Regulating p-orbital of metallic bismuth nanosheets via transition-metal oxides enables advanced CO2 electroreduction

Abstract

The interaction of p-d orbitals can be used to efficiently improve electrocatalytic performance. However, the enhanced mechanism of electrocatalytic CO₂ reduction reaction (eCO₂RR) on main group metals inspired by the p-d orbital interactions is still unclear. Herein, a series of transition-metal oxides (TMOs: Fe₂O₃, Co₃O₄, and NiO) are introduced to metallic bismuth (Bi) nanosheets (NSs), which is proposed as a proof of concept for investigating the effect of introduced TMOs on the eCO₂RR performance for Bi. Based on the results from in-situ Fourier transform infrared (FTIR) spectra and CO₂-temperature programmed deposition (TPD), the TMOs in the Bi/TMOs NSs can enhance the adsorption and/or activation ability of CO₂. Density functional theory (DFT) calculations reveal that the regulated adsorption energy of *OCHO and p-orbital of Bi sites can decrease theoretical overpotentials for both the CO₂-to-*OCHO process and the *OCHO-to-HCOOH process. Moreover, the electron rearrangement that occurred due to the contact between Bi and TMO can also promote electron transport between the catalyst and reactants. Therefore, under the dual positive effect of thermodynamics and kinetics, the Bi sites in Bi/TMO NSs exhibit the maximum catalytic ability, realizing high catalytic activity and selectivity for HCOOH over a wider potential region.
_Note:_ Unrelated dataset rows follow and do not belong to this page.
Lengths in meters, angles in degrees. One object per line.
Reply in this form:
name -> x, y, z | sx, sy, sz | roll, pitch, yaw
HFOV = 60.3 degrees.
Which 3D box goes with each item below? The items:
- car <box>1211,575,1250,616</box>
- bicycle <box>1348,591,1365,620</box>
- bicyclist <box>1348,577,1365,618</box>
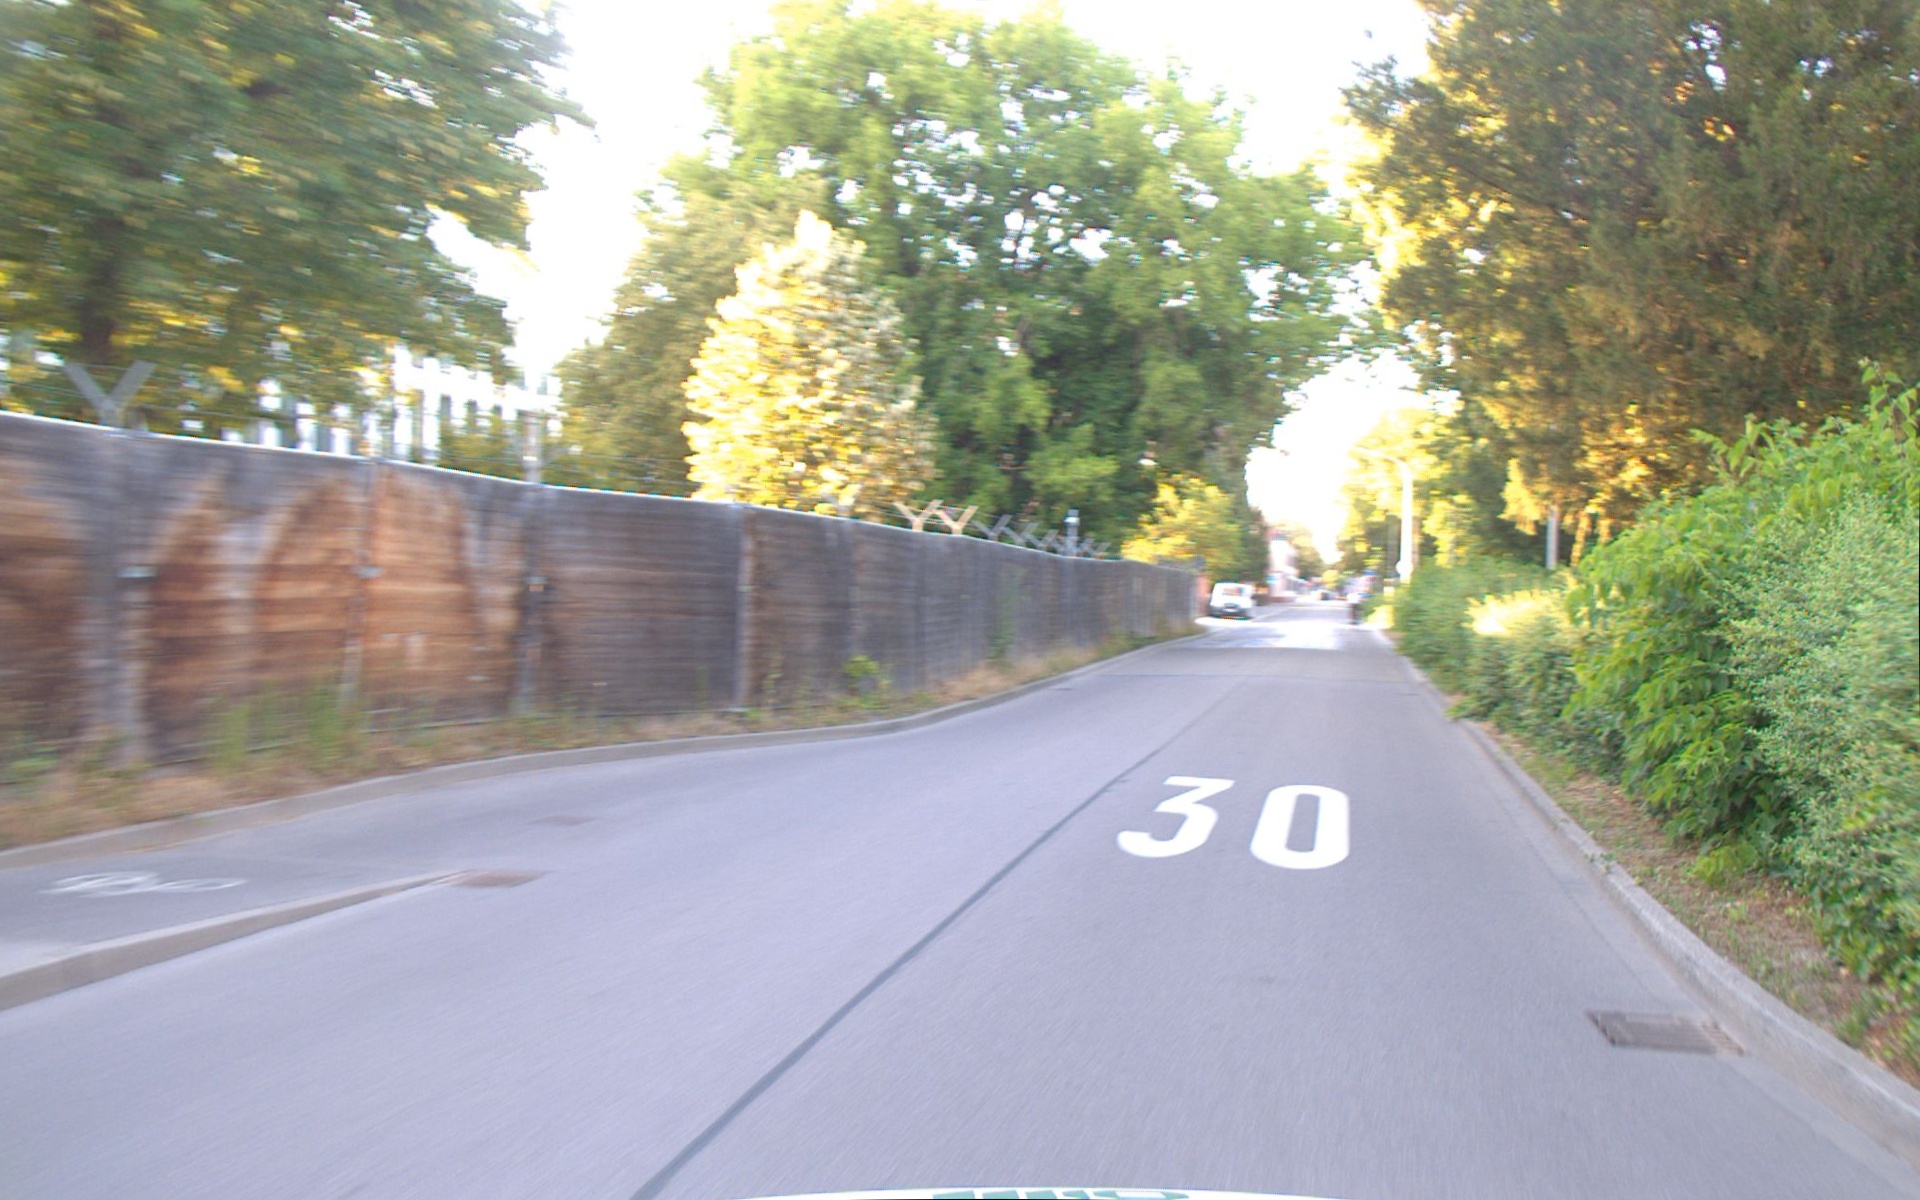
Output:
car -> 14.863, -0.220, 90.759 | 1.842, 2.049, 5.230 | 3, 0, 11
bicycle -> 16.959, 0.230, 70.776 | 0.624, 1.214, 1.877 | 2, 0, 11
bicyclist -> 16.977, -0.112, 70.840 | 0.625, 1.696, 0.843 | 2, 0, 11

In particular, Bi/Fe₂O₃ NSs can present the most significant enhancement effect. It can yield a wide potential region of 500 mV with a high FE_HCOOH (>90%) and achieve a maximum FE_HCOOH of 99.7% (1.11 times that of Bi) at −0.8 V_RHE with the HCOOH partial current density of 12.65 mA cm⁻² (1.86 times that of Bi). This study establishes a relationship between the enhanced performance and the introduced TMOs and provides a practicable and scalable avenue for rationally engineering high-powered electrocatalysts.